**GOAL OF THE EXERCISE**. Could you return every record below exactly as it stands, leaving out the pictures?

**RECORDS**.
•••••
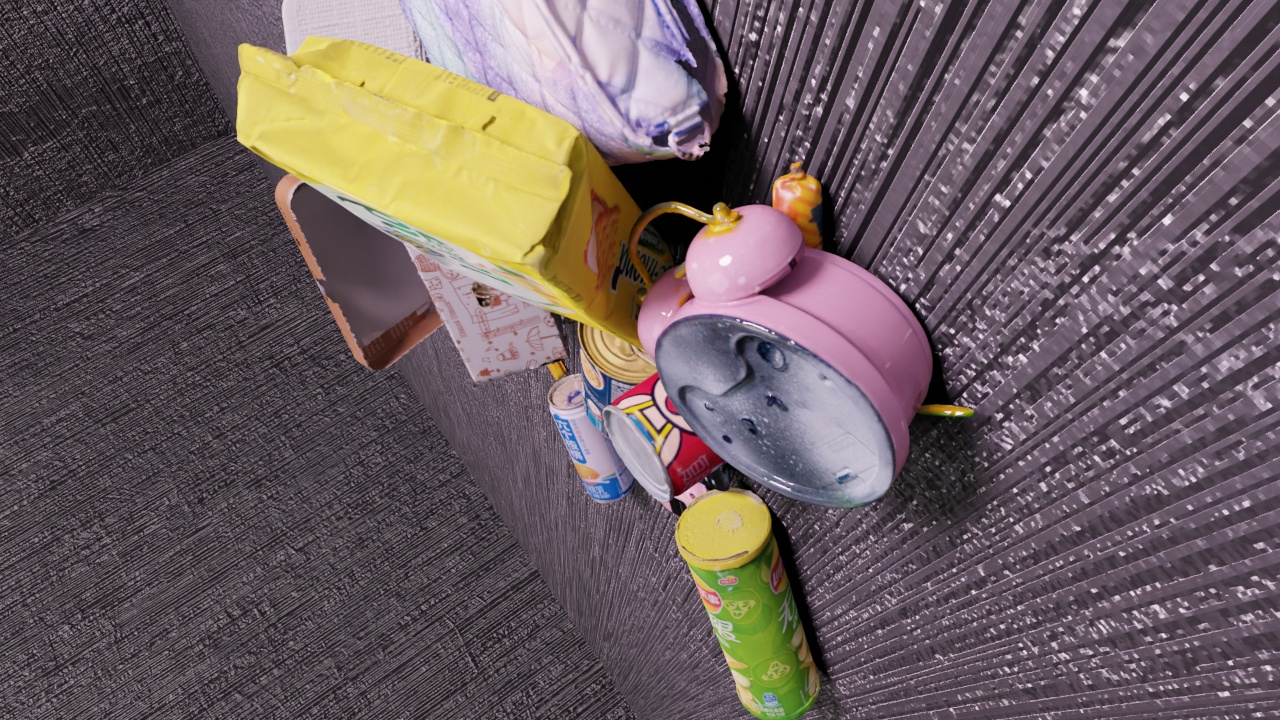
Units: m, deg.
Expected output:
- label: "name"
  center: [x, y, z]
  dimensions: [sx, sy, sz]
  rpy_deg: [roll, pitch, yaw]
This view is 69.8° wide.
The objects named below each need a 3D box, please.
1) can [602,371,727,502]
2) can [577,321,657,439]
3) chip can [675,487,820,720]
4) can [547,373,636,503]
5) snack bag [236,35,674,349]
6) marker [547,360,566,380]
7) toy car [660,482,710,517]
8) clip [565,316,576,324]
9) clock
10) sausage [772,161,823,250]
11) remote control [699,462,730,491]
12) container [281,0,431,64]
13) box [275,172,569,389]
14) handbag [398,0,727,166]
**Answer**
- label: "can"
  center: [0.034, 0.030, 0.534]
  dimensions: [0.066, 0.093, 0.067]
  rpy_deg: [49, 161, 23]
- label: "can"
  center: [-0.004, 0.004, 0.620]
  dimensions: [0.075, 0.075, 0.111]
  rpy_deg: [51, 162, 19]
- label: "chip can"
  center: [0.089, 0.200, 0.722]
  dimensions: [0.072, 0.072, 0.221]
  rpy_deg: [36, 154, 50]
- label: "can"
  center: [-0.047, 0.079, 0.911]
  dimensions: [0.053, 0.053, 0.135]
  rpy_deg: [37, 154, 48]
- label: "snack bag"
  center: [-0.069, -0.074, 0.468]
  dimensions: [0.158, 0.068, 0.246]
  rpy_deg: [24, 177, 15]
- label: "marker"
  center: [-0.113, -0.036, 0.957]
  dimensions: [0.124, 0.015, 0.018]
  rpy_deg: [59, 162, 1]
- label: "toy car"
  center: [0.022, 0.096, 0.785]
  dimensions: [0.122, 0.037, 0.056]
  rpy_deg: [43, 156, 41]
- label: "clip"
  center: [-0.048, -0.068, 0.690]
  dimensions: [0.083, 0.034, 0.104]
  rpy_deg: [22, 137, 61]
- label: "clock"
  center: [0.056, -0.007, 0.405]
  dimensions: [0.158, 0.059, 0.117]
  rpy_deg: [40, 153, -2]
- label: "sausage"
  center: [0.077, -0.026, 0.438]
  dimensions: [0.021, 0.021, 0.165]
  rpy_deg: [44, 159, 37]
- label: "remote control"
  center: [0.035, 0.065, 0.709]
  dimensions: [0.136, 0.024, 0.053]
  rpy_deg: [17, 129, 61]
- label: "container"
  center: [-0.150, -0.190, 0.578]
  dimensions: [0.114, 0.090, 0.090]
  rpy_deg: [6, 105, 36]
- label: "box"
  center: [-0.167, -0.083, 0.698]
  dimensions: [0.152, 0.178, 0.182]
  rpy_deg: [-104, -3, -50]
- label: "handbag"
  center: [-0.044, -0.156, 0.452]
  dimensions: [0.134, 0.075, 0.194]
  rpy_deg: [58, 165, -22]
•••••
**TASK OUTPUT**.
Units: m, deg.
Expected output:
- label: "name"
  center: [x, y, z]
  dimensions: [sx, sy, sz]
  rpy_deg: [roll, pitch, yaw]
This view is 69.8° wide.
The objects named below each need a 3D box, please.
1) can [602,371,727,502]
2) can [577,321,657,439]
3) chip can [675,487,820,720]
4) can [547,373,636,503]
5) snack bag [236,35,674,349]
6) marker [547,360,566,380]
7) toy car [660,482,710,517]
8) clip [565,316,576,324]
9) clock
10) sausage [772,161,823,250]
11) remote control [699,462,730,491]
12) container [281,0,431,64]
13) box [275,172,569,389]
14) handbag [398,0,727,166]
**Answer**
- label: "can"
  center: [0.034, 0.030, 0.534]
  dimensions: [0.066, 0.093, 0.067]
  rpy_deg: [49, 161, 23]
- label: "can"
  center: [-0.004, 0.004, 0.620]
  dimensions: [0.075, 0.075, 0.111]
  rpy_deg: [51, 162, 19]
- label: "chip can"
  center: [0.089, 0.200, 0.722]
  dimensions: [0.072, 0.072, 0.221]
  rpy_deg: [36, 154, 50]
- label: "can"
  center: [-0.047, 0.079, 0.911]
  dimensions: [0.053, 0.053, 0.135]
  rpy_deg: [37, 154, 48]
- label: "snack bag"
  center: [-0.069, -0.074, 0.468]
  dimensions: [0.158, 0.068, 0.246]
  rpy_deg: [24, 177, 15]
- label: "marker"
  center: [-0.113, -0.036, 0.957]
  dimensions: [0.124, 0.015, 0.018]
  rpy_deg: [59, 162, 1]
- label: "toy car"
  center: [0.022, 0.096, 0.785]
  dimensions: [0.122, 0.037, 0.056]
  rpy_deg: [43, 156, 41]
- label: "clip"
  center: [-0.048, -0.068, 0.690]
  dimensions: [0.083, 0.034, 0.104]
  rpy_deg: [22, 137, 61]
- label: "clock"
  center: [0.056, -0.007, 0.405]
  dimensions: [0.158, 0.059, 0.117]
  rpy_deg: [40, 153, -2]
- label: "sausage"
  center: [0.077, -0.026, 0.438]
  dimensions: [0.021, 0.021, 0.165]
  rpy_deg: [44, 159, 37]
- label: "remote control"
  center: [0.035, 0.065, 0.709]
  dimensions: [0.136, 0.024, 0.053]
  rpy_deg: [17, 129, 61]
- label: "container"
  center: [-0.150, -0.190, 0.578]
  dimensions: [0.114, 0.090, 0.090]
  rpy_deg: [6, 105, 36]
- label: "box"
  center: [-0.167, -0.083, 0.698]
  dimensions: [0.152, 0.178, 0.182]
  rpy_deg: [-104, -3, -50]
- label: "handbag"
  center: [-0.044, -0.156, 0.452]
  dimensions: [0.134, 0.075, 0.194]
  rpy_deg: [58, 165, -22]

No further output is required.